Entries supplied below:

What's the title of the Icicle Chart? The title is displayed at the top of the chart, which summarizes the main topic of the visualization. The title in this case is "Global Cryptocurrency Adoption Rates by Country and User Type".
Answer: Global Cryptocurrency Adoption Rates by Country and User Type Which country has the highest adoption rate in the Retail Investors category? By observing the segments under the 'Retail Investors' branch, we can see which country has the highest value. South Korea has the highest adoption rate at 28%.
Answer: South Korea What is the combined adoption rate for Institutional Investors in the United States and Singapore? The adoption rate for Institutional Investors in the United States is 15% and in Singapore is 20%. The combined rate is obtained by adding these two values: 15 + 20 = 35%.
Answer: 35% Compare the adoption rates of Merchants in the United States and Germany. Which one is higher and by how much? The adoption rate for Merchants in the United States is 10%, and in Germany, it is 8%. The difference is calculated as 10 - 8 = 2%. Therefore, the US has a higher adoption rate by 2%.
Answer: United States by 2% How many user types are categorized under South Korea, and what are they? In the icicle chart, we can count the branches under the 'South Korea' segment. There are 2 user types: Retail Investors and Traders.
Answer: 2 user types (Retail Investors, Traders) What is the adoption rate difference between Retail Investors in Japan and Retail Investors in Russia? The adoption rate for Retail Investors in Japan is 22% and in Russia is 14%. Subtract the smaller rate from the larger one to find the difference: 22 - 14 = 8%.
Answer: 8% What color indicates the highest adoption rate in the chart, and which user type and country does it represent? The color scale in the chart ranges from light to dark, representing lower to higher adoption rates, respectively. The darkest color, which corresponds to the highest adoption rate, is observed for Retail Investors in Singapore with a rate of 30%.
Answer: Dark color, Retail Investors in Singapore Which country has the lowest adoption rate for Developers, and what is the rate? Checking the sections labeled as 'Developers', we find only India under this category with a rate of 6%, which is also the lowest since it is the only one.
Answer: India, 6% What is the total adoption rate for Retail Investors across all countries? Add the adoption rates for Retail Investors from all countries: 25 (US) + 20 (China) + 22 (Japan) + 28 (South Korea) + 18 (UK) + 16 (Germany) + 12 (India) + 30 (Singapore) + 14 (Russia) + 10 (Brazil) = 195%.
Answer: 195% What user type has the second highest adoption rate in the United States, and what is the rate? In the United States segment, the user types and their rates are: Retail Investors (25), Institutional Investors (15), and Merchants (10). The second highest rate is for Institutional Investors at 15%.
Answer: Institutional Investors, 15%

End of Entries supplied.

Required work: Every line holding the string "India" should be copied here, so please find those lines in the data.

Task solution:
Answer: Dark color, Retail Investors in Singapore Which country has the lowest adoption rate for Developers, and what is the rate? Checking the sections labeled as 'Developers', we find only India under this category with a rate of 6%, which is also the lowest since it is the only one.
Answer: India, 6% What is the total adoption rate for Retail Investors across all countries? Add the adoption rates for Retail Investors from all countries: 25 (US) + 20 (China) + 22 (Japan) + 28 (South Korea) + 18 (UK) + 16 (Germany) + 12 (India) + 30 (Singapore) + 14 (Russia) + 10 (Brazil) = 195%.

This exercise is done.